Monitoring with Metrics¶

Metrics constitutes of the measurements of resource usage or behavior that can be observed and collected all over SnappyData clusters. Using the Metrics, you can monitor the cluster health and statistics. Monitoring the clusters allows you to do the following:

Increase availability by quickly detecting downtime/degradation.
Facilitate performance monitoring by external tools. These external tools can handle functions such as metrics aggregation, alerting, and visualization.

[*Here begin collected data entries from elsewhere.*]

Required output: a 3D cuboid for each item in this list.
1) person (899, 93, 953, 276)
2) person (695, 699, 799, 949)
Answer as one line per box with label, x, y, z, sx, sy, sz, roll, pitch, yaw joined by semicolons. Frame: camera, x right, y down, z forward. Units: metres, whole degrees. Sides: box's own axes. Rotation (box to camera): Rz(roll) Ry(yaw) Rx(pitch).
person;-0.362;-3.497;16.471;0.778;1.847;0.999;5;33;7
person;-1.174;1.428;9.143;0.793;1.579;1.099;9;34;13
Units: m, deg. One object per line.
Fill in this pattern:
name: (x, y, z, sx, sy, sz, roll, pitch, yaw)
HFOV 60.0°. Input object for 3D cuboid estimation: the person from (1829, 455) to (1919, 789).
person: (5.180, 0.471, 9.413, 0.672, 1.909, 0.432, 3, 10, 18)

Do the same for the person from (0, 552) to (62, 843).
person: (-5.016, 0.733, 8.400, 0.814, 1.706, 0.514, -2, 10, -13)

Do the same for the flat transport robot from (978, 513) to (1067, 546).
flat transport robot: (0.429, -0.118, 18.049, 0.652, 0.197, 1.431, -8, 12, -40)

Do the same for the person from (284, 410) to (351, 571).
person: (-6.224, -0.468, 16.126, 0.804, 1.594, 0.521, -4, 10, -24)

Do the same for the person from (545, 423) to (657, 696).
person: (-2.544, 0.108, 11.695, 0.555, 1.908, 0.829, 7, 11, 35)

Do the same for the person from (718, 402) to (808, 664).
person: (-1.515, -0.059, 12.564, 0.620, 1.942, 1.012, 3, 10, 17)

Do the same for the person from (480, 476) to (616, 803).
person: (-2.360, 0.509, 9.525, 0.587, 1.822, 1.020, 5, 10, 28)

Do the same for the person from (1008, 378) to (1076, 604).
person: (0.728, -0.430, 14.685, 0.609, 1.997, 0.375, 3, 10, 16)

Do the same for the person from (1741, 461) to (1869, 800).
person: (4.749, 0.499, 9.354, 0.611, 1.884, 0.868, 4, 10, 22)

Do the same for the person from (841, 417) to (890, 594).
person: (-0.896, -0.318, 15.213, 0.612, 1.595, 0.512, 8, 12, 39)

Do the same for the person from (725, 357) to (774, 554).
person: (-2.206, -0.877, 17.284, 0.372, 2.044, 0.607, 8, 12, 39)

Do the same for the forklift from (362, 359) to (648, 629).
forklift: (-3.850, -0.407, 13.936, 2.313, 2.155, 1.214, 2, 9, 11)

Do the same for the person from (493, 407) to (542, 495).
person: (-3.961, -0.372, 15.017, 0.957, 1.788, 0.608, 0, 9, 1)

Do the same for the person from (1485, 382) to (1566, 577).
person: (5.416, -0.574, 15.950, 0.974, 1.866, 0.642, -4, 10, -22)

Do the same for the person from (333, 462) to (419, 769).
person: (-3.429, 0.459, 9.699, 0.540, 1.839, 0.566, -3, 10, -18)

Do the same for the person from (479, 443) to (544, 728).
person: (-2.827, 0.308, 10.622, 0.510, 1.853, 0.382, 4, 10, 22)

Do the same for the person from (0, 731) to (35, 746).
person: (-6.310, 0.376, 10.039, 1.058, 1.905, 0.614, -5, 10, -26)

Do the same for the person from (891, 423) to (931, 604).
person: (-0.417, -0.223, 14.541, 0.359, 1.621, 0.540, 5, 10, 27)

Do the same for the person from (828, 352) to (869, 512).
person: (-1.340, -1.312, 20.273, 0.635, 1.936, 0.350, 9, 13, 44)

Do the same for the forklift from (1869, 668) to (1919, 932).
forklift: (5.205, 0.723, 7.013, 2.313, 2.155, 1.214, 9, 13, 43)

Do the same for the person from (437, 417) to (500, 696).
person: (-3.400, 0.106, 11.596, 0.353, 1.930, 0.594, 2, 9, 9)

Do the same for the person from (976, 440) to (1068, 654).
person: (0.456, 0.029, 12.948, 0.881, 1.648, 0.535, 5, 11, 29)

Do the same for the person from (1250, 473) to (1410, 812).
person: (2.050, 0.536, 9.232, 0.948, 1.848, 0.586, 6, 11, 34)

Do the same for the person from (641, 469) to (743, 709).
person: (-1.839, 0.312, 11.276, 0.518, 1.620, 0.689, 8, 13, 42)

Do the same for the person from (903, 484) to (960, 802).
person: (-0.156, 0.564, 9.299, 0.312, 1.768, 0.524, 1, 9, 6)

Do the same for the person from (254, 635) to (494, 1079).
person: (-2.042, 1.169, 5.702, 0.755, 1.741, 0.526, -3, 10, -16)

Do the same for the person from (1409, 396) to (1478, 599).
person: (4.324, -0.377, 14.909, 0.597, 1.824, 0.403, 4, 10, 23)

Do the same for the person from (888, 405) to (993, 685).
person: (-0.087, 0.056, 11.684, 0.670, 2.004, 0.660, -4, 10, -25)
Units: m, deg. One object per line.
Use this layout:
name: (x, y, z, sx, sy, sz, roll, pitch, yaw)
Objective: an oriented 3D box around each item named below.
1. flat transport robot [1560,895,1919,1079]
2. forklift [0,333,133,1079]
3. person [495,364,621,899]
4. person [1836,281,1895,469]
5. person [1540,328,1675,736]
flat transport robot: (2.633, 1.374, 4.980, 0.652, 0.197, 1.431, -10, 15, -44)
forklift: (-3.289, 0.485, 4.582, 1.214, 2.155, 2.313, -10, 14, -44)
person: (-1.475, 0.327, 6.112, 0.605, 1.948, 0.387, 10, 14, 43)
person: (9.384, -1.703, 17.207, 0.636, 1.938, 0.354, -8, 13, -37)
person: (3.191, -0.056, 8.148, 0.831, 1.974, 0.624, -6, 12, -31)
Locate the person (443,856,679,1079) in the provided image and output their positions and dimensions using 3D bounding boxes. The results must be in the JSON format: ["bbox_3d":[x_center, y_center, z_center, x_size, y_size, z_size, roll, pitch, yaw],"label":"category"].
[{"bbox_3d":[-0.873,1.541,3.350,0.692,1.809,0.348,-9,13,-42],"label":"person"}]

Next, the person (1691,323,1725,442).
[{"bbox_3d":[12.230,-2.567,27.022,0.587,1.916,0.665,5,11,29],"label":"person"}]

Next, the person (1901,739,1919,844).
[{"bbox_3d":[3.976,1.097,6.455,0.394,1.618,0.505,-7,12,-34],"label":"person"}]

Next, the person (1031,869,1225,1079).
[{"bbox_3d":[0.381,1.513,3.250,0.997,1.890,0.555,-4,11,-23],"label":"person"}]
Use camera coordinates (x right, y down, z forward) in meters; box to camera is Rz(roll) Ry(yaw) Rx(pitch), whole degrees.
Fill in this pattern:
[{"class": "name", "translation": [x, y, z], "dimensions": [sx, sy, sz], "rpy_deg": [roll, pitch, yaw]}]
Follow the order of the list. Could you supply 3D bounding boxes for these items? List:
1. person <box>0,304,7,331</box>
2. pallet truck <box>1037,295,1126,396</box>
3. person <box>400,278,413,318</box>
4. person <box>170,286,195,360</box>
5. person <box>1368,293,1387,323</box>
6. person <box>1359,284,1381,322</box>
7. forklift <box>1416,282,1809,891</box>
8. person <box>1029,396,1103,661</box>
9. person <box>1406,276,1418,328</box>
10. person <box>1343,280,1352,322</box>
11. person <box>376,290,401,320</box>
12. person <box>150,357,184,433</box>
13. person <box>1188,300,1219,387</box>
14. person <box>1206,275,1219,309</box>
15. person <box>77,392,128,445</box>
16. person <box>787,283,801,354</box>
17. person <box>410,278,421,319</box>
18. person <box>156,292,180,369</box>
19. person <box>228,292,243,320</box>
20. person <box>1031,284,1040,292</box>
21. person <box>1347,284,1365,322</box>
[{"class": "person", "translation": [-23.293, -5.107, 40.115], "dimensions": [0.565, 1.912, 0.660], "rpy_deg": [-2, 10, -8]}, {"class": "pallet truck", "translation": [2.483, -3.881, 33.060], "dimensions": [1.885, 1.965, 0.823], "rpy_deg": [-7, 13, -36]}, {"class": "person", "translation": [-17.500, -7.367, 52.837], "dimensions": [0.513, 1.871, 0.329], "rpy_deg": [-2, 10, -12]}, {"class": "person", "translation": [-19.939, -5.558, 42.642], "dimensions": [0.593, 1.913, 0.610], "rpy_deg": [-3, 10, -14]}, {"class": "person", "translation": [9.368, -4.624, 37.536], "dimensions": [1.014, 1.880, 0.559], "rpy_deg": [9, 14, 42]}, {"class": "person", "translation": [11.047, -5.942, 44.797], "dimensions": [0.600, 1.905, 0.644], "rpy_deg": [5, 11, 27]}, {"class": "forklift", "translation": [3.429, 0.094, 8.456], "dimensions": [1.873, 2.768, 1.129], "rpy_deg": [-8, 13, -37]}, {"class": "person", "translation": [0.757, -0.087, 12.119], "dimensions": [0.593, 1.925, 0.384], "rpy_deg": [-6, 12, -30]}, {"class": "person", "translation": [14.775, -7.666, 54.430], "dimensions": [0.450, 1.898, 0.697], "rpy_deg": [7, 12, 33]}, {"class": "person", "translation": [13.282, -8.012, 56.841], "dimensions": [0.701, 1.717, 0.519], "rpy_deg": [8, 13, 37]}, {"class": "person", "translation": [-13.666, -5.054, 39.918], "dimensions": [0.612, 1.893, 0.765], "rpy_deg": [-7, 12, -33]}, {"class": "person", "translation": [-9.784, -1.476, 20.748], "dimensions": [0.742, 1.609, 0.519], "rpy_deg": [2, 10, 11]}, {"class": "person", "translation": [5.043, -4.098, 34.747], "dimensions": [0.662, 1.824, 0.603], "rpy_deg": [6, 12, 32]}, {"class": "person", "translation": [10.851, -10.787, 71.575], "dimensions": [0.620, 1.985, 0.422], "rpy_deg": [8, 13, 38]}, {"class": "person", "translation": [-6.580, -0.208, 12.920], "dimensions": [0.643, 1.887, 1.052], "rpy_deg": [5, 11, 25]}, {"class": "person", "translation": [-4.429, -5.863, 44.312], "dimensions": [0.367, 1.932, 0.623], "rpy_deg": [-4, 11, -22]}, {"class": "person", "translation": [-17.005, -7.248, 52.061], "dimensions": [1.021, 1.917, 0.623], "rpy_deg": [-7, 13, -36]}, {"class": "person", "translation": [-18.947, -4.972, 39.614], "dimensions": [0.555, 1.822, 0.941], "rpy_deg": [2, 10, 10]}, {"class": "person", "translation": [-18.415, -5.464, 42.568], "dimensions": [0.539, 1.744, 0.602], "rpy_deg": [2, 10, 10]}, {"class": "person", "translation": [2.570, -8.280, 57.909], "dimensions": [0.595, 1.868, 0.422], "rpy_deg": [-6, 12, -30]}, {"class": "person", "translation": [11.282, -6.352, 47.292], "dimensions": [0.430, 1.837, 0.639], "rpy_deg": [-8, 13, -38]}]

SnappyData uses the Spark’s Metrics Subsystem for metrics collection. This system allows you to publish the metrics to a variety of sinks that you can enable for metrics collection. Spark supports the following sinks for Metrics. SnappyData can send metrics to all these sinks. However, MetricsServlet sink is enabled by default and all the metrics get published here.

Sink	Description
MetricsServlet	Adds a servlet within the existing Spark UI to serve metrics data as JSON data. The metrics are published here by default and can be easily accessible via a web page. The servlet URL is http://:5050/metrics/json.
JmxSink	Register metrics for viewing in a JMX console. Monitoring tools/ agents that understand the JMX protocol, such as JMX exporter from Prometheus, can export this information to external monitoring systems for storage and visualization.
CsvSink	Exports metrics data to CSV files at regular intervals.
ConsoleSink	Logs metrics information to the console.
GraphiteSink	Sends metrics to a Graphite node.
Slf4jSink	Sends metrics to slf4j as log entries.

Note

You cannot store metrics for long term retention as well as for archival purposes. Detailed instructions for integration with external monitoring systems to build monitoring dashboards by sourcing metrics data from the sinks will be published in a future release.

Whenever you start the cluster, the metrics are published and made available through commonly used sinks, which can be consumed by monitoring tools.

Note

Metrics are not published for Smart Connector mode.

The following type of metrics are made available for SnappyData:

Availability Metrics This type of metrics alerts about the status and availability of the cluster.

Examples:
- Cluster and node status
- Cluster and node uptime/downtime
- Member Statistics
- Table Statistics
Performance Metrics This type of metric provides insights into system performance.

Examples:
- Resource usage for system-level resources such as CPU, memory, disk, and network.
- Resource usage for SnappyData application/component resources such as heap or off-heap memory and their percentage utilization etc.

Enabling the Sinks for Metrics collection¶

If you want to publish the SnappyData metrics using any of the sinks, you must enable these sinks in the metrics.properties file, which is located in the conf folder of the SnappyData installation directory.

To enable a sink, do the following:

Open the conf folder and change the name of metrics.properties.template to metrics.properties file.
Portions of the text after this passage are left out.